The idea that US Jews could speak with one voice on Israel couldn't have originated within the community.
By JERUSALEM POST STAFF
'Where there are two Jews, there are three opinions," so the saying goes. And the idea that American Jews could ever speak with one voice on Israel? That could not have originated within the community itself.
The single-voice notion came from a non-Jew. The story that follows is partly apocryphal, but it does inform. Accounts differ, but either secretary of state John Foster Dulles or State Department official Henry Byroade is said to have complained that too many requests from disparate Jewish groups seeking audiences with president Dwight Eisenhower were arriving at the White House.
Byroade (if it was he) suggested to Nahum Goldmann that it might be useful if the various intercessors combined into a single deputation. Goldmann raised the idea with Philip Klutznick. Soon afterwards, the Conference of Presidents of Major American Jewish Organizations was born.
Some suggest the crafty Dulles (if it was he) may have had an ulterior motive, knowing that the Jews could never develop a consensus position to present to the administration. That would put an end to their pestering.
Sure enough, a broiges broke out. Taking charge of the World Jewish Congress, Goldmann set out to lead a new, thriving Diaspora which would decide for itself what being pro-Israel was all about.
A further rupture is traceable to the premiership of Golda Meir, who was openly condescending toward Diaspora machers coming to her with peace-making advice.
IT IS TRUE that the nature and stridency of Diaspora criticism of Zionist policies evolved. After the Holocaust no mainstream Jewish leader remained anti-Zionist. And after the 1967 Six Day war every one of them had become explicitly pro-Zionist. Yet the impulse to criticize this or that Israeli policy remained a constant. There are few former chairs of the Presidents Conference who have refrained from publicly criticizing Israeli policies.
Then there are the dissident groups. Breira was founded in 1973 to support the unconditional inclusion of an unreformed PLO into the diplomatic process. Breira's legacy, given its brief existence and minuscule membership, was extraordinary in that it "broke" afresh the imaginary barrier against public criticism of Israel.
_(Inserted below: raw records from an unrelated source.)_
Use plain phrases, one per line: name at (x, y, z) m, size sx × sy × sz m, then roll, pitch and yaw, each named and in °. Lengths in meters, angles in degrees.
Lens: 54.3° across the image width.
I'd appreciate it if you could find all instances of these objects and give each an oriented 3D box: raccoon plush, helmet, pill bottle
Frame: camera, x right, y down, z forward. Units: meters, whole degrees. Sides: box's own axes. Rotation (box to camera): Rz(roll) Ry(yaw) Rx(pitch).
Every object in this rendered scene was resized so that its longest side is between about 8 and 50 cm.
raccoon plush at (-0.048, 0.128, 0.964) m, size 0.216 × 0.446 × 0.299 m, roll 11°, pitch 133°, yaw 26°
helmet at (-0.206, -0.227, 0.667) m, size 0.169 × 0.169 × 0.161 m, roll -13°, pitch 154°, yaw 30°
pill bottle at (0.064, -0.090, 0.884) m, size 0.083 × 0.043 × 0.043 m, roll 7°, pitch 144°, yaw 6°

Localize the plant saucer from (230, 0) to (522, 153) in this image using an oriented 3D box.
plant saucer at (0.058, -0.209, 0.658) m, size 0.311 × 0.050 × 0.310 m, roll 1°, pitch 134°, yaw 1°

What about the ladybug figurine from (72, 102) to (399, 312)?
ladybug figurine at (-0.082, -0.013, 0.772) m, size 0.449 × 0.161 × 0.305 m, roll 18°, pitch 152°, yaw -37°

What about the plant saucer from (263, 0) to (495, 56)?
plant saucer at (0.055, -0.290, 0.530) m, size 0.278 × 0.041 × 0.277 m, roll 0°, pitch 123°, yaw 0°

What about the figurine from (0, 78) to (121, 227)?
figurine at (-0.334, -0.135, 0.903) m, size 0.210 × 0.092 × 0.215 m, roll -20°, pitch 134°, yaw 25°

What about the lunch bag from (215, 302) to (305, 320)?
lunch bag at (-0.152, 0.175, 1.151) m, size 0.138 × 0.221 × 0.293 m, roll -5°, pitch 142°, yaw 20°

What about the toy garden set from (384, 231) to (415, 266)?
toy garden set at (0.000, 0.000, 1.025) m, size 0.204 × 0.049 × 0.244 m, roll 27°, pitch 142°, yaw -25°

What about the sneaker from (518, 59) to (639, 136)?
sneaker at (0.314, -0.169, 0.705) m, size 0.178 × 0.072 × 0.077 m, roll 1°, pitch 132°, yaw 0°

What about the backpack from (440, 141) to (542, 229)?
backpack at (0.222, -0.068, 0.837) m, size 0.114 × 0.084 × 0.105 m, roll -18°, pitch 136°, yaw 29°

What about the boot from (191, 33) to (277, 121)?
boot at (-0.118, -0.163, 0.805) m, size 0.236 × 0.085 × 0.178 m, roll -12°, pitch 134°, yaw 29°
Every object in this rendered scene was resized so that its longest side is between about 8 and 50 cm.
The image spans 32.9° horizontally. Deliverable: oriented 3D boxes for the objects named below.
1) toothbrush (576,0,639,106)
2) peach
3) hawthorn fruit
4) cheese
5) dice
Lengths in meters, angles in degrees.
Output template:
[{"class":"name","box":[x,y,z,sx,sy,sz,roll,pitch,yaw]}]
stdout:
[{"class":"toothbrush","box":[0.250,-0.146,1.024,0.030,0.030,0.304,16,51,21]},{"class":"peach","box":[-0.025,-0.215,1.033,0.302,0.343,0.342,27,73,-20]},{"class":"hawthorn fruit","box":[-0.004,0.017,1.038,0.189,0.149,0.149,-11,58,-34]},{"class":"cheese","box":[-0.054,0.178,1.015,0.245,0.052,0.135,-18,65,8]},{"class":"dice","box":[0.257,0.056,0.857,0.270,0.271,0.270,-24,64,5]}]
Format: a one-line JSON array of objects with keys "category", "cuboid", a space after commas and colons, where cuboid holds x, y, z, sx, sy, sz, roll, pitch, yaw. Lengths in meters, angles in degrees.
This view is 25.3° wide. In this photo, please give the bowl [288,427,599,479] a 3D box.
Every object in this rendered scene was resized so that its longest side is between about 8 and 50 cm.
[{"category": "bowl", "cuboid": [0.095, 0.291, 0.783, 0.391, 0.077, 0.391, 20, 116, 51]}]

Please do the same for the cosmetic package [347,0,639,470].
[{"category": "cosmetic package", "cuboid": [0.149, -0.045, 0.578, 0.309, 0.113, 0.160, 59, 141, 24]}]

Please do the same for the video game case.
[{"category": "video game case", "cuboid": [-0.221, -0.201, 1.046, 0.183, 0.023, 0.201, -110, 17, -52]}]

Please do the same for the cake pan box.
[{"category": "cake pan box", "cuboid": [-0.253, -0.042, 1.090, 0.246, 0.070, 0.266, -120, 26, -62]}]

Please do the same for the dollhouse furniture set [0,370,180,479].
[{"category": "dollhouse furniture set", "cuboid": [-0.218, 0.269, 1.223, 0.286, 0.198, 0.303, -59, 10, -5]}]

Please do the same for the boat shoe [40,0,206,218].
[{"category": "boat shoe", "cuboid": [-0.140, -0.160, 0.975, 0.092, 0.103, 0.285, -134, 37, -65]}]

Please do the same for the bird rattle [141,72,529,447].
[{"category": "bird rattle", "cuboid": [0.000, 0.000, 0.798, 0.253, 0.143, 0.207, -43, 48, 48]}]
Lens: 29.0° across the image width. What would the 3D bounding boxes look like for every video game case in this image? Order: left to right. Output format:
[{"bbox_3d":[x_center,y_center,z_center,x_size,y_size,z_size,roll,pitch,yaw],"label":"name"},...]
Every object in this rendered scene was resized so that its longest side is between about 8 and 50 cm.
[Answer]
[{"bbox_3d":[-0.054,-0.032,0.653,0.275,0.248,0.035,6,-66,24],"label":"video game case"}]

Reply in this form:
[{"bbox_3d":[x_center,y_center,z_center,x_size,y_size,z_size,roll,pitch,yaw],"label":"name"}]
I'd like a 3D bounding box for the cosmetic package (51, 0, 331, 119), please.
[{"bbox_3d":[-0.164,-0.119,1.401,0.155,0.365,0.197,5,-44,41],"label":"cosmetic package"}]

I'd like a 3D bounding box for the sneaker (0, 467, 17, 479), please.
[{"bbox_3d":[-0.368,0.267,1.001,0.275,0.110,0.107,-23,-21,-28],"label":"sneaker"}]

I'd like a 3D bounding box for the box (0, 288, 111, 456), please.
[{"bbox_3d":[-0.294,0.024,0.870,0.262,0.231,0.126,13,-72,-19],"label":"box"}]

Breira's successor organization was the New Jewish Agenda, which operated during the premiership of Menachem Begin, when Jewish criticism of Israeli policies was vociferous.
The founding of Peace Now, the zealously anti-settlement movement, led its US Jewish supporters to begin their own lobbying, starting in 1978.
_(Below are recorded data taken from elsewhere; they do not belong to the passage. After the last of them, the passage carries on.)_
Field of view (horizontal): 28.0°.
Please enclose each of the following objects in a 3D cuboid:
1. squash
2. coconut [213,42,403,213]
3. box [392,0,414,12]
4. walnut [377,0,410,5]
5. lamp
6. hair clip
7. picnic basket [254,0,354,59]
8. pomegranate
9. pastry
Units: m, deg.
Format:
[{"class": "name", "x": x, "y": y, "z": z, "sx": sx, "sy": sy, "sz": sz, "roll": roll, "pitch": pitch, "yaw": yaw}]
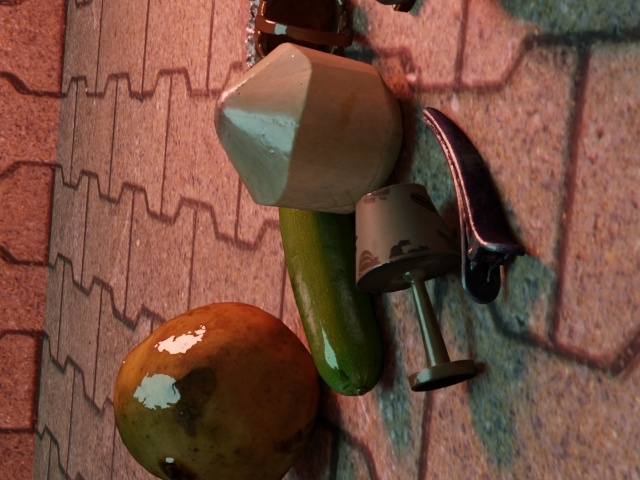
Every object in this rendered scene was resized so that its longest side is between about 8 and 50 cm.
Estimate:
[{"class": "squash", "x": 0.006, "y": 0.032, "z": 1.633, "sx": 0.101, "sy": 0.101, "sz": 0.378, "roll": 121, "pitch": 143, "yaw": -50}, {"class": "coconut", "x": -0.021, "y": -0.135, "z": 1.561, "sx": 0.202, "sy": 0.222, "sz": 0.202, "roll": -173, "pitch": 90, "yaw": -72}, {"class": "box", "x": 0.101, "y": -0.355, "z": 1.555, "sx": 0.090, "sy": 0.023, "sz": 0.133, "roll": 119, "pitch": 147, "yaw": -50}, {"class": "walnut", "x": 0.071, "y": -0.372, "z": 1.332, "sx": 0.248, "sy": 0.248, "sz": 0.248, "roll": -177, "pitch": 90, "yaw": -68}, {"class": "lamp", "x": 0.101, "y": 0.051, "z": 1.374, "sx": 0.121, "sy": 0.121, "sz": 0.214, "roll": 137, "pitch": 123, "yaw": -60}, {"class": "hair clip", "x": 0.156, "y": -0.061, "z": 1.363, "sx": 0.275, "sy": 0.048, "sz": 0.083, "roll": -101, "pitch": 24, "yaw": -43}, {"class": "picnic basket", "x": -0.024, "y": -0.282, "z": 1.713, "sx": 0.178, "sy": 0.128, "sz": 0.137, "roll": -130, "pitch": 44, "yaw": -63}, {"class": "pomegranate", "x": -0.141, "y": 0.218, "z": 1.745, "sx": 0.281, "sy": 0.281, "sz": 0.281, "roll": -177, "pitch": 90, "yaw": -68}, {"class": "pastry", "x": -0.066, "y": -0.307, "z": 1.849, "sx": 0.103, "sy": 0.112, "sz": 0.265, "roll": -122, "pitch": 41, "yaw": -67}]
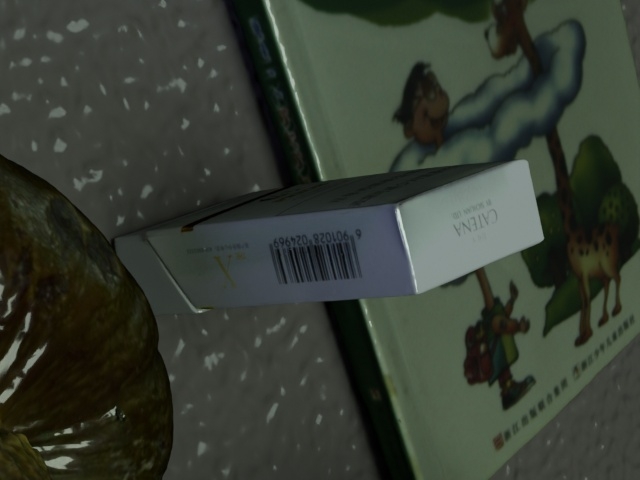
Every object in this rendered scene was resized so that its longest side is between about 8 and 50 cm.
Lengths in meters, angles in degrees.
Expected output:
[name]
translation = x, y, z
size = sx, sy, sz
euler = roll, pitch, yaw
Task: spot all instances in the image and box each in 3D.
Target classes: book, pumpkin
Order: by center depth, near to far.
[pumpkin]
translation = -0.137, 0.066, 0.491
size = 0.219, 0.162, 0.219
euler = -5, 96, -50
[book]
translation = 0.073, -0.081, 0.815
size = 0.260, 0.043, 0.371
euler = -35, 114, -42

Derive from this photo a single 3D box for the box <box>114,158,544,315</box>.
[box]
translation = 0.000, -0.001, 0.645
size = 0.084, 0.154, 0.040
euler = -23, 102, -46
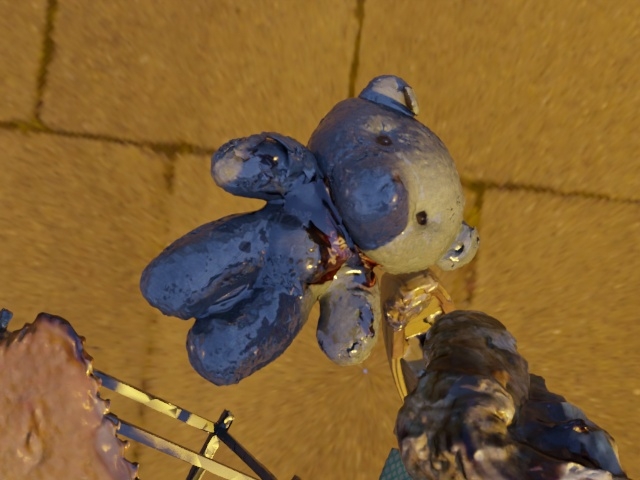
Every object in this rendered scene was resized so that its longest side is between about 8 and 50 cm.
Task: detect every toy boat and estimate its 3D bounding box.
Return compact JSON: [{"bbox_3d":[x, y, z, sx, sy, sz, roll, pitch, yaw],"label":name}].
[{"bbox_3d":[0.123,0.138,1.856,0.089,0.321,0.121,-21,51,-4],"label":"toy boat"}]

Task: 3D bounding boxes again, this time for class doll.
[{"bbox_3d":[0.005,-0.002,1.610,0.340,0.158,0.246,-33,99,-31],"label":"doll"}]

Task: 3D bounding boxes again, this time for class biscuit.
[{"bbox_3d":[-0.173,0.183,1.007,0.237,0.013,0.232,-30,83,36],"label":"biscuit"}]

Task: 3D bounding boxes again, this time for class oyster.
[{"bbox_3d":[0.161,0.151,1.366,0.166,0.094,0.294,-26,41,-32],"label":"oyster"}]

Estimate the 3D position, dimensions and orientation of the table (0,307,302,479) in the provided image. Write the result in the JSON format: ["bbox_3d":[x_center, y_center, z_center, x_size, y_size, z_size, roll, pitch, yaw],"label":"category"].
[{"bbox_3d":[-0.250,0.289,1.932,0.335,0.222,0.272,28,93,-31],"label":"table"}]

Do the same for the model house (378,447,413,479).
[{"bbox_3d":[0.148,0.307,1.879,0.206,0.271,0.178,20,94,-9],"label":"model house"}]
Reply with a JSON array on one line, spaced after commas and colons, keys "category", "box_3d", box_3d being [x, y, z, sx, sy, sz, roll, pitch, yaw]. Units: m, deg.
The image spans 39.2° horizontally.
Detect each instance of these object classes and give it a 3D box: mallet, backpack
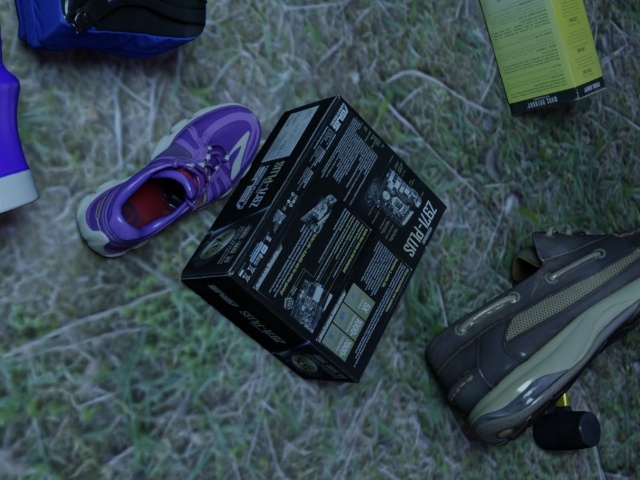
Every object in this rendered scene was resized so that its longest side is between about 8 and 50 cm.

Some US Jews, still more to the Left, went further. It was a Jewish academic who drafted the November 1988 declaration of independence for the "State of Palestine" which Yasser Arafat in Tunis dutifully proclaimed.
And rightist Diaspora groups, rabbis notably among them, have since 1993 been bitterly and prominently critical of Israeli government efforts to reach land-for-peace deals with the Palestinians.
So the notion that US Jews have ever been hesitant to break with Israeli policies is simply uninformed by history.
AND STILL, The Atlantic magazine's Jeffrey Goldberg, writing on the op-ed pages of The New York Times Sunday ("Israel's 'American Problem'"), thinks he's breaking new ground when he advocates that US Jews vote for a president who will "help" and "prod" Israel "publicly, continuously and vociferously" to facilitate a Palestinian state.
As Goldberg sees it, Israel now, belatedly, wants peace, but is being blocked by a monolithic and supposedly right-wing Presidents Conference and its fellow travelers at AIPAC. He's worried that too many US Jews "conflate" support for the settlement enterprise - what he calls "the colonization" of the West Bank - with being pro-Israel.
He needn't worry. Most US Jews have never visited Israel, let alone a "settlement." Many are clueless about the strategic value of the West Bank and couldn't distinguish between an "ideological" settlement in the heart of Samaria and Har Homa in Jerusalem. All this makes Goldberg's calls for a "radical rethinking of what it means to be pro-Israel" both anachronistic and disingenuous.
Goldberg might glance across the page at veteran New York Times columnist Thomas L. Friedman, who's been redefining what it means to be pro-Israel for decades. Friedman, too, argues that a "pro-Israel" president is one who draws "red lines when Israel does reckless things" like building settlements.
So let's restate the obvious: No gatekeeper stifles criticism of Israeli policies among US Jews. There are no risks, not on the Left or on the Right, in proffering advice to Israel from the Diaspora. All one needs is lots of hubris.